The embedding space is learned so that **connected nodes are close together**. The dot product measures similarity in this space:
- **High score**: Nodes are similar (likely to connect)
- **Low score**: Nodes are dissimilar (unlikely to connect)

This is the same principle behind collaborative filtering in recommendation systems — but GNNs can also incorporate node features (content-based) alongside graph structure (collaborative), giving you the best of both worlds.

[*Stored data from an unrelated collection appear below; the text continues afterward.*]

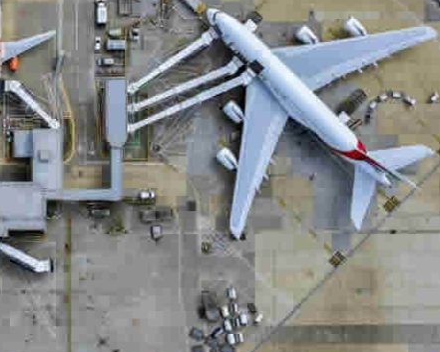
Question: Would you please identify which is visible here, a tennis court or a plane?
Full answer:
Looking from above, you can make out a plane.
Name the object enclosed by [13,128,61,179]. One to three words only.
building
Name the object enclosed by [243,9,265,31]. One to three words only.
truck
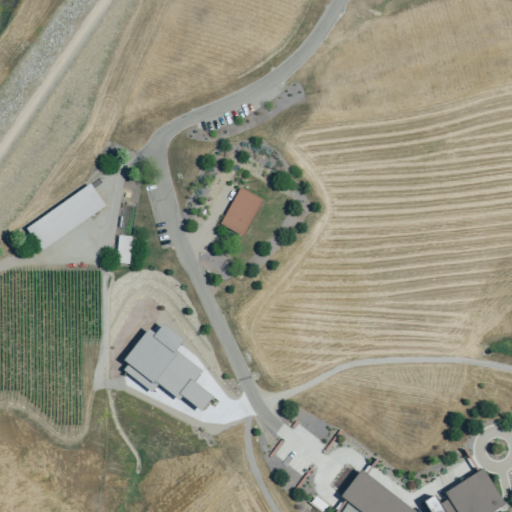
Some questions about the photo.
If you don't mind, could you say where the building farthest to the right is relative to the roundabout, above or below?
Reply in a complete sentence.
The position of the building farthest to the right is below the roundabout.
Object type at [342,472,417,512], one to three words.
building
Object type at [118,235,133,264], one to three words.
shed
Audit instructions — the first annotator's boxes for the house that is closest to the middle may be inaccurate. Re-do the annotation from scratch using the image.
[223,188,263,236]
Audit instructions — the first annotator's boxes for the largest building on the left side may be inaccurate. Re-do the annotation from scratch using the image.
[124,324,214,410]
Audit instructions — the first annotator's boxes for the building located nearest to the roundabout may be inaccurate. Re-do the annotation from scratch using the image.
[442,470,506,512]
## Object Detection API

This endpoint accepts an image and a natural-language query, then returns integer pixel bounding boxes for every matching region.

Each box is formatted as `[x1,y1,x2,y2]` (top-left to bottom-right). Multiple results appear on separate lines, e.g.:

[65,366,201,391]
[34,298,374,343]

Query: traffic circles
[474,426,512,473]
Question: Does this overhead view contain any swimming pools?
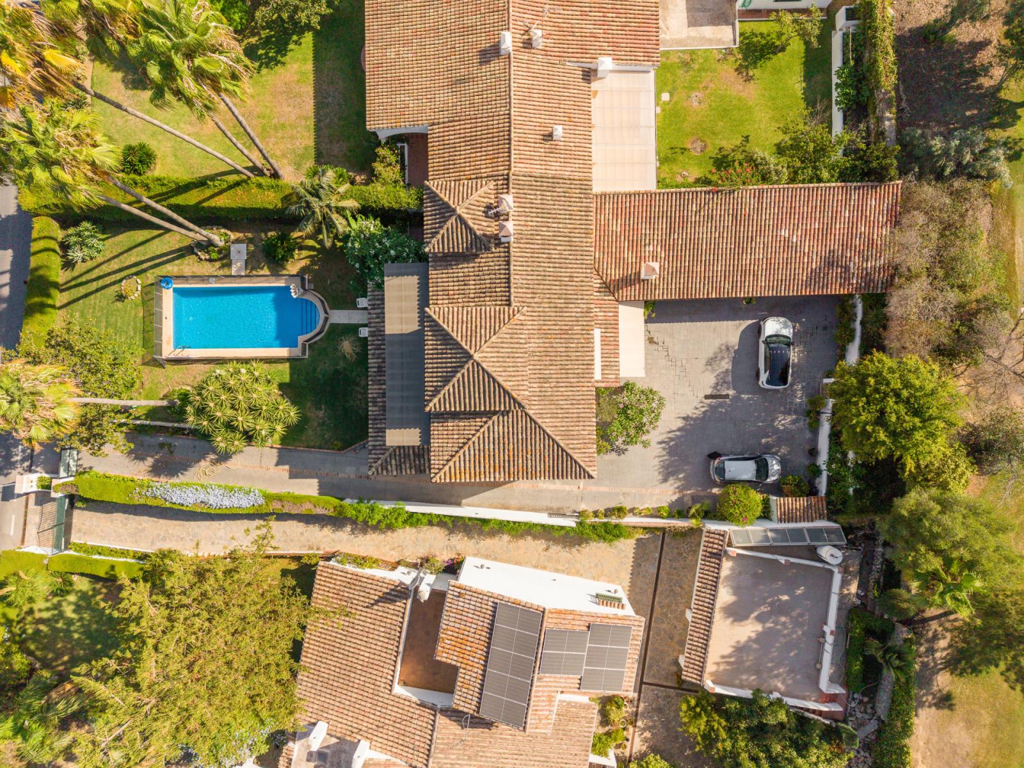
Yes
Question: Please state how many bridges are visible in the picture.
0
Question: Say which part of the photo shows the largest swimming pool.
left
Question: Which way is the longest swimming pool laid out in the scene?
from side to side
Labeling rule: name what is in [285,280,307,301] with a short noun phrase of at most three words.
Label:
fountain
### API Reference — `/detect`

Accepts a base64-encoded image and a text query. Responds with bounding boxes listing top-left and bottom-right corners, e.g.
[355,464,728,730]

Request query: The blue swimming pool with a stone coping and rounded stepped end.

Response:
[162,275,330,359]
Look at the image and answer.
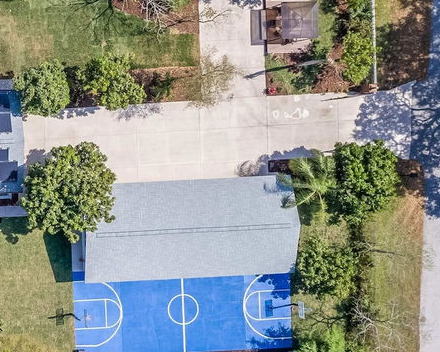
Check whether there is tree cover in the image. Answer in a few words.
Yes
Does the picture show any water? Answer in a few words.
No
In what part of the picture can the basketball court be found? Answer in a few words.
bottom
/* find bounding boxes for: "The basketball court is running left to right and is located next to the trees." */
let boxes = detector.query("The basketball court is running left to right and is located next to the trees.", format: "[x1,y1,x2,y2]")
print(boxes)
[74,268,293,352]
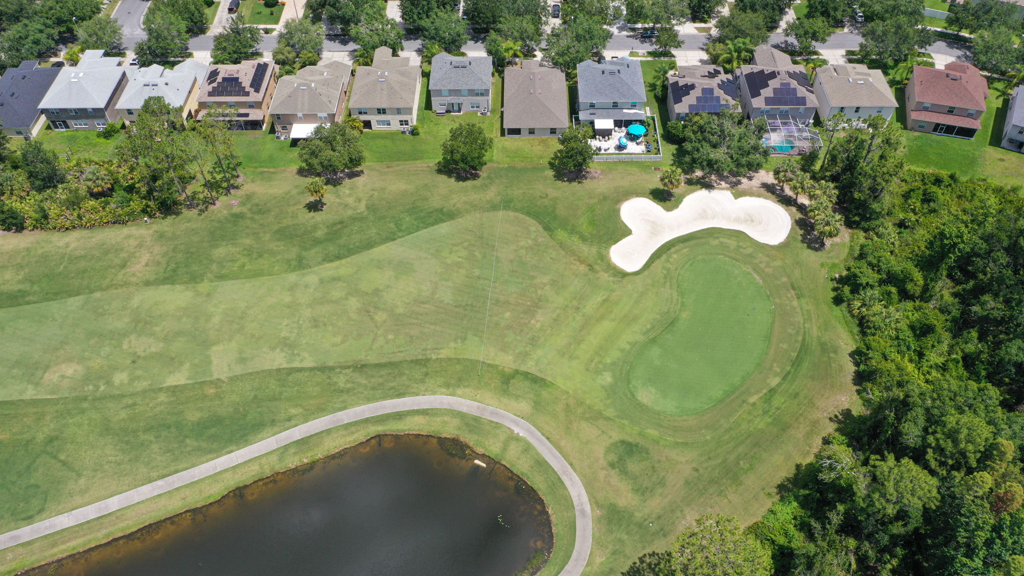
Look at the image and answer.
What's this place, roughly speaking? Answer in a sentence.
This looks like a golf course.
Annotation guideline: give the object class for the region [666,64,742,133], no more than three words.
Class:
house
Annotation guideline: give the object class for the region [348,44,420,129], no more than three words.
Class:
house
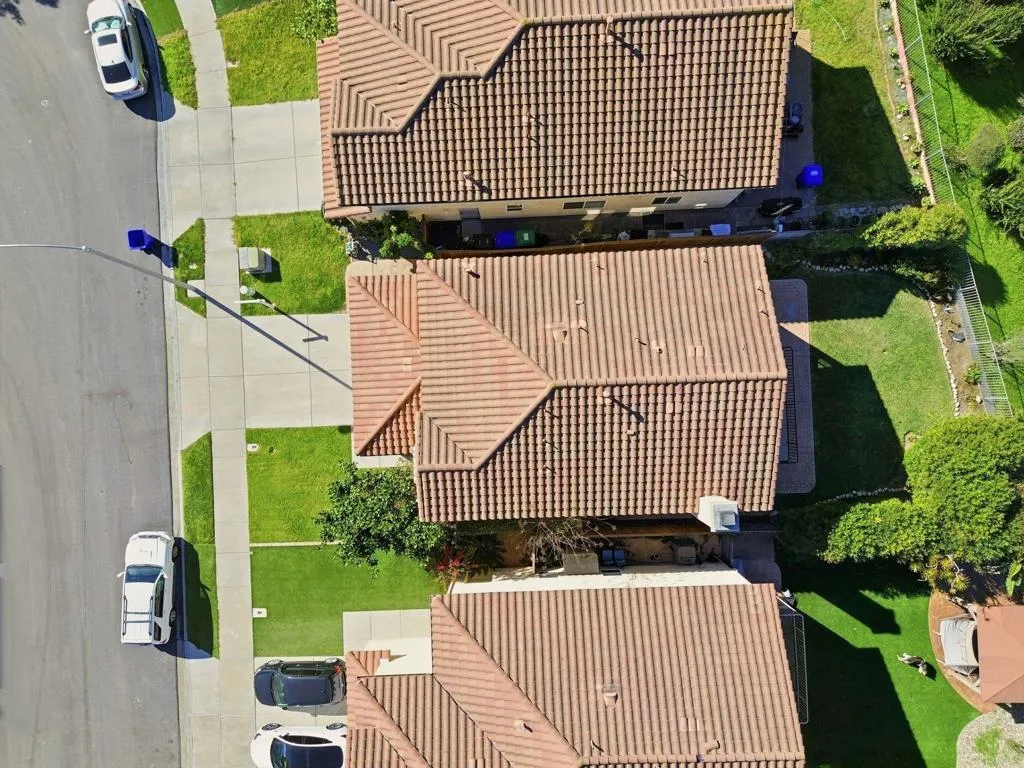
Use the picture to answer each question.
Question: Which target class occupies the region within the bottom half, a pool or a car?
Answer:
car
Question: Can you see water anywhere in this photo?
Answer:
No
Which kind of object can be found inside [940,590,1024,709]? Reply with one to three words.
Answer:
gazebo
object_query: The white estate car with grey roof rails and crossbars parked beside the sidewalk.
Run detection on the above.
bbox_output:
[118,531,179,645]
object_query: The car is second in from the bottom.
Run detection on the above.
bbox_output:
[254,659,347,712]
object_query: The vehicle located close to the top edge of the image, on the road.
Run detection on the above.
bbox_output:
[83,0,152,105]
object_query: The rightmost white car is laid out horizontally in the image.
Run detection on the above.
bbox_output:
[249,723,348,768]
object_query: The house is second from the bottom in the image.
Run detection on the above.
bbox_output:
[346,244,802,532]
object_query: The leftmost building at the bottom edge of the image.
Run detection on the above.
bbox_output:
[344,561,808,768]
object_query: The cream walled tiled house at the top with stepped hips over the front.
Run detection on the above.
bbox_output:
[317,0,798,237]
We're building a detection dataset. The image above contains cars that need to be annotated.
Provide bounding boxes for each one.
[118,531,179,645]
[83,0,152,105]
[254,659,347,712]
[249,723,348,768]
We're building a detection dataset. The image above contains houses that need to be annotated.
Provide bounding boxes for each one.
[317,0,798,237]
[344,561,808,768]
[346,244,802,532]
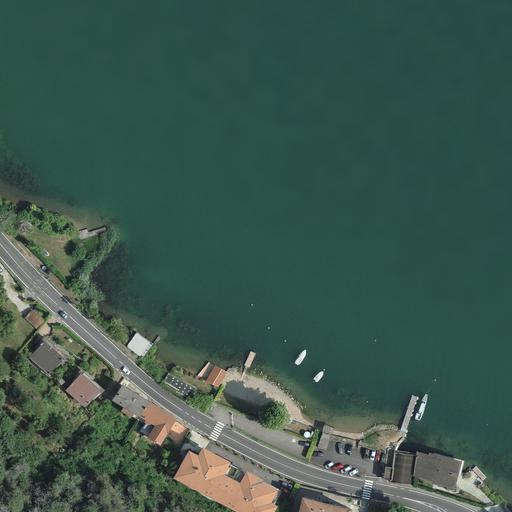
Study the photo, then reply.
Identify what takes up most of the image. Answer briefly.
water
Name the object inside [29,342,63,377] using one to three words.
house
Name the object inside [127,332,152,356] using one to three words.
building
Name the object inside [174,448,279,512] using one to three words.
building
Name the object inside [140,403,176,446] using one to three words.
house
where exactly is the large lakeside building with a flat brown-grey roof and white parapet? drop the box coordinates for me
[414,452,465,492]
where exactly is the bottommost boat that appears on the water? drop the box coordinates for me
[414,394,427,421]
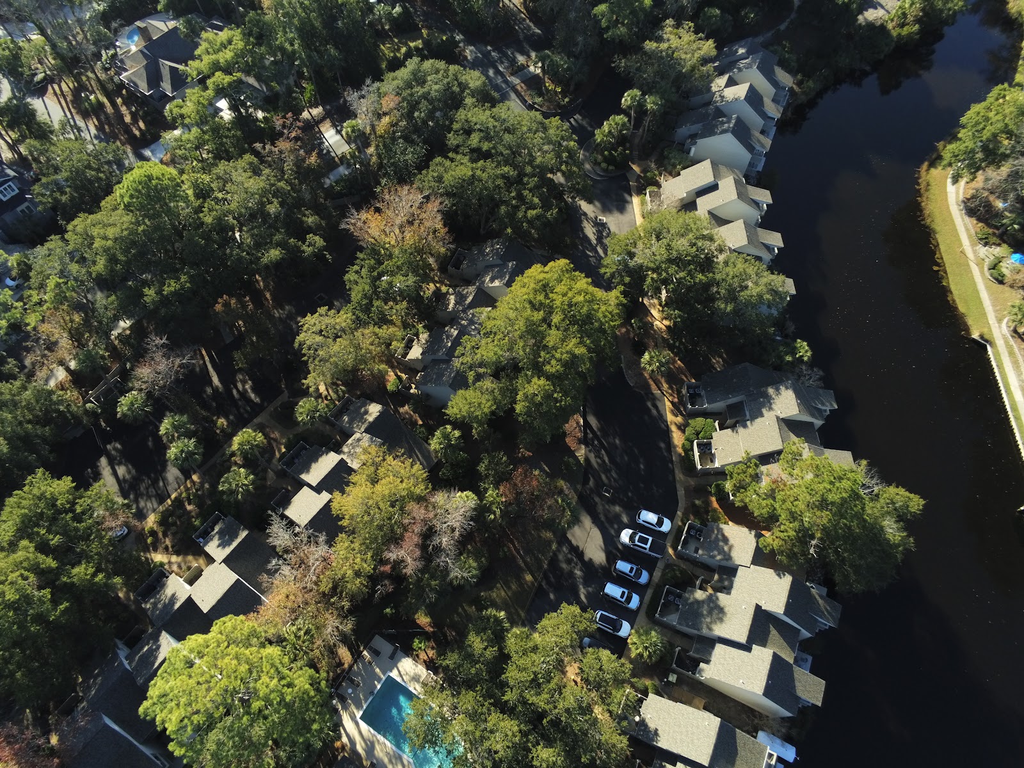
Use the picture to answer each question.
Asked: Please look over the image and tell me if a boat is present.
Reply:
Yes
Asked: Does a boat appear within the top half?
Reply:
No
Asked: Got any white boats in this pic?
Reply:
No
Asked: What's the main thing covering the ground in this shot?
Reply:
trees
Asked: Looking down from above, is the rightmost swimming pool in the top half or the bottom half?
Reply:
bottom
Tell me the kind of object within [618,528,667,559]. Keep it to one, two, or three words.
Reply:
truck
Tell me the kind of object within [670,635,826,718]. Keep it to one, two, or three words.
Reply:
house
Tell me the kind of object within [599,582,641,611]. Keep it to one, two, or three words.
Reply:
car
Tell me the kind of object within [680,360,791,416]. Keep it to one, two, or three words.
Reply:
house
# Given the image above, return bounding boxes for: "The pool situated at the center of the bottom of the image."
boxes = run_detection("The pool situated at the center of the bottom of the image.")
[355,669,463,768]
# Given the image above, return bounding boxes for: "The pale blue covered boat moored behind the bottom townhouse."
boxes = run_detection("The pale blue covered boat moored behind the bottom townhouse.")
[755,727,803,761]
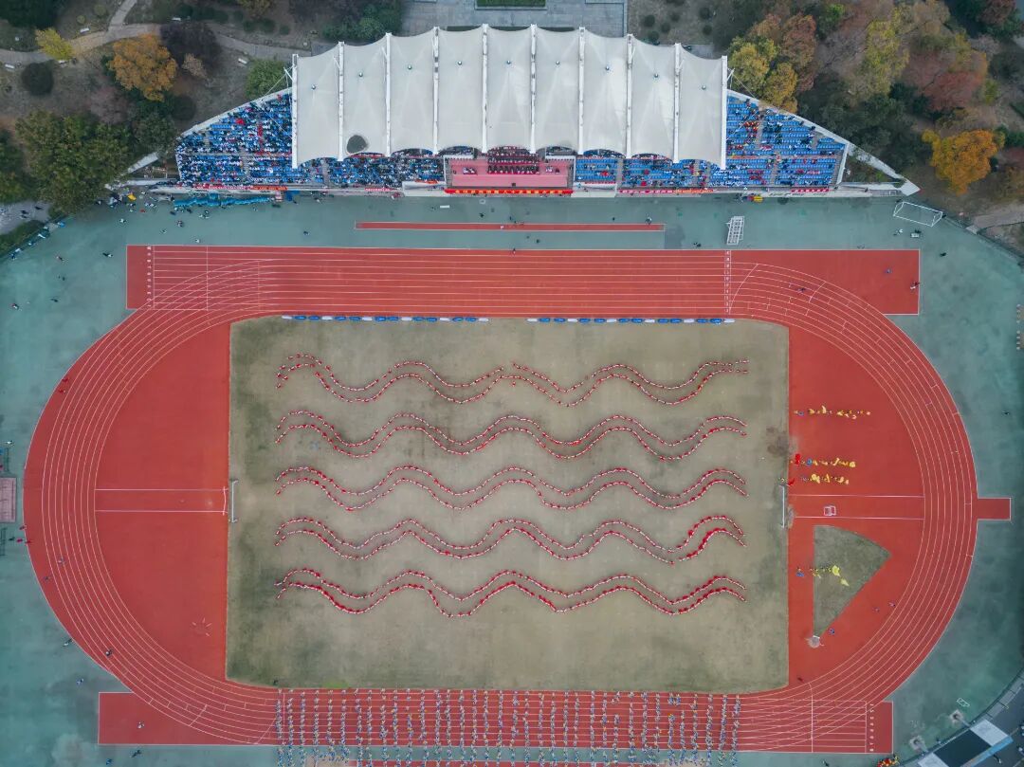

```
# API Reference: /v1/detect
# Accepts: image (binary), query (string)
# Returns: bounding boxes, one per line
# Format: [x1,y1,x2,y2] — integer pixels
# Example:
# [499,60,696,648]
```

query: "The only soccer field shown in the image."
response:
[226,315,790,693]
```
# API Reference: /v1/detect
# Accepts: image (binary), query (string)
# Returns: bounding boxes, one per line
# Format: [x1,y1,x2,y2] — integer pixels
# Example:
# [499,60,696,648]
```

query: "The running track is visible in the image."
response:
[24,245,1011,751]
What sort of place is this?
sports ground
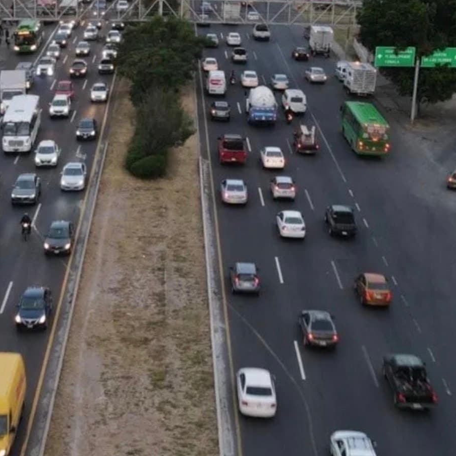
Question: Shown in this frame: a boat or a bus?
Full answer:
The one in the frame is a bus.
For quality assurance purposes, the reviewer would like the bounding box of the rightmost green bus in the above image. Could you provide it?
[343,99,390,150]
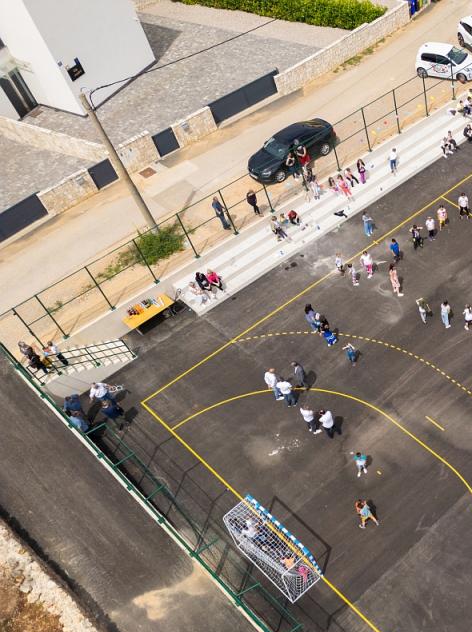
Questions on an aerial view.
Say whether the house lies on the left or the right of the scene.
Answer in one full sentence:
It is on the left.
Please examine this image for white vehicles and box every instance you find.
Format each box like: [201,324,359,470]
[409,40,472,83]
[452,12,472,51]
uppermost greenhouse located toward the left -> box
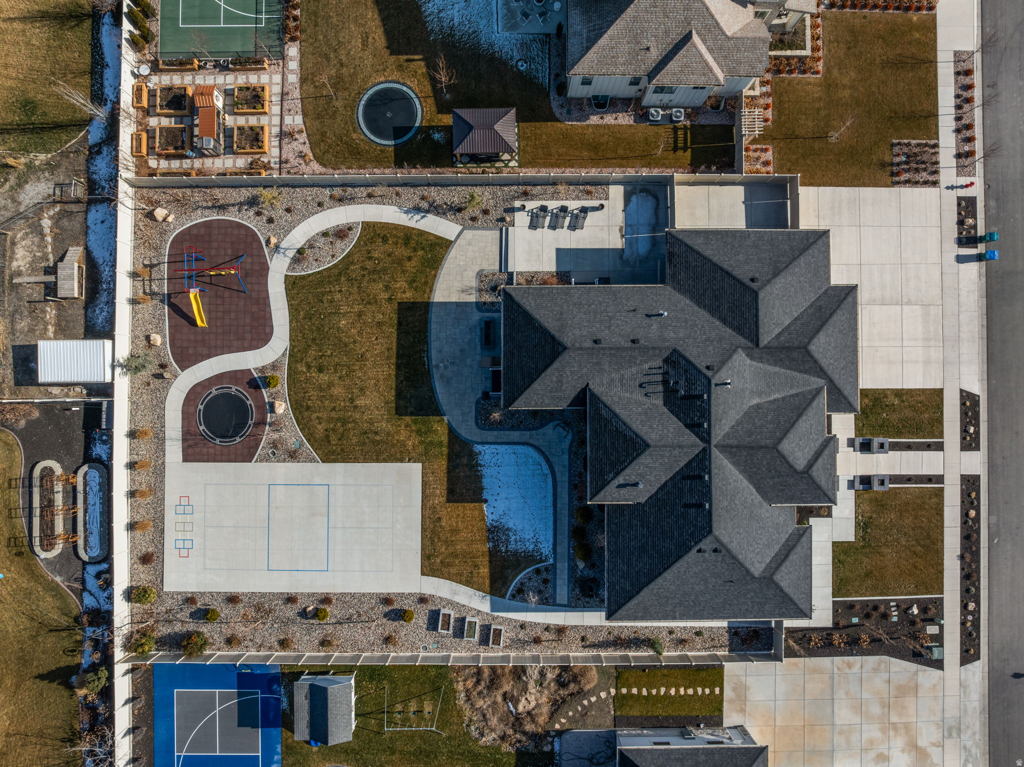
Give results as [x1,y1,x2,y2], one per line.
[194,86,223,153]
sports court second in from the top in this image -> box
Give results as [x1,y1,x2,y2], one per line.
[163,463,421,593]
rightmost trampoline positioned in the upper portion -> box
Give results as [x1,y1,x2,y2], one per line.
[357,82,421,146]
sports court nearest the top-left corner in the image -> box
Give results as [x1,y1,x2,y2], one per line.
[159,0,284,57]
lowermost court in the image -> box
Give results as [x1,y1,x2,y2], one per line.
[153,663,281,767]
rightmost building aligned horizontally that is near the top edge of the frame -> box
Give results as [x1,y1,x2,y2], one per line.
[564,0,816,106]
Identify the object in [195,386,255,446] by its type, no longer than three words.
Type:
trampoline
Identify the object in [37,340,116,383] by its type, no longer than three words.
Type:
shed
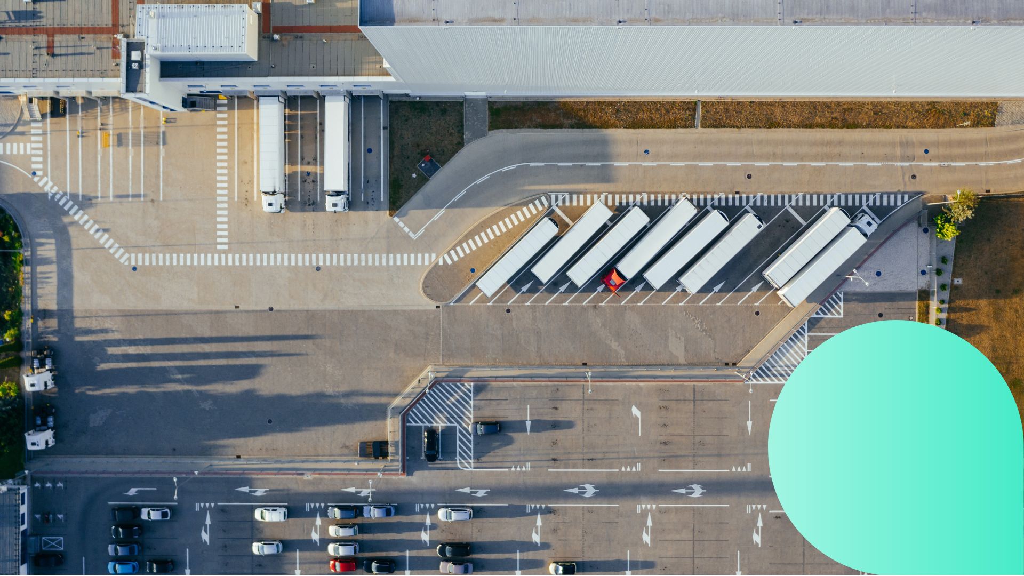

### The Three Main GNN Tasks

1. **Node Classification**: Predict a label for each node (e.g., "Is this user a bot?")
2. **Link Prediction**: Predict whether an edge should exist (e.g., "Should we recommend user A follow user B?")
3. **Graph Classification**: Predict a label for an entire graph (e.g., "Is this molecule toxic?")

In [None]:
# Forward pass to get embeddings
embeddings = model(data)

# Predict link between Node 0 and Node 2 (who are NOT friends yet)
node_0 = embeddings[0]
node_2 = embeddings[2]

score = torch.matmul(node_0, node_2)
prob = torch.sigmoid(score)

print(f"Probability of connection between 0 and 2: {prob.item():.4f}")

## Key Takeaways

1. **Graphs** model relationships — they're the natural data structure for social networks, molecules, knowledge bases, and fraud detection.
2. **GNNs** learn embeddings through message passing — each layer aggregates information from neighbors, building richer representations.
3. **Over-smoothing limits depth** — unlike CNNs, GNNs work best with 2-4 layers. Too many layers cause all node embeddings to converge.
4. **Architecture choice depends on scale**: GCN for simplicity, GAT for importance-weighted neighbors, GraphSAGE for billion-node production graphs.
5. **Transductive vs Inductive**: If new nodes appear regularly (e-commerce, social media), use an inductive method like GraphSAGE.
6. **Link Prediction** is the basis of modern recommendation systems — learned embeddings capture both content features and graph structure simultaneously.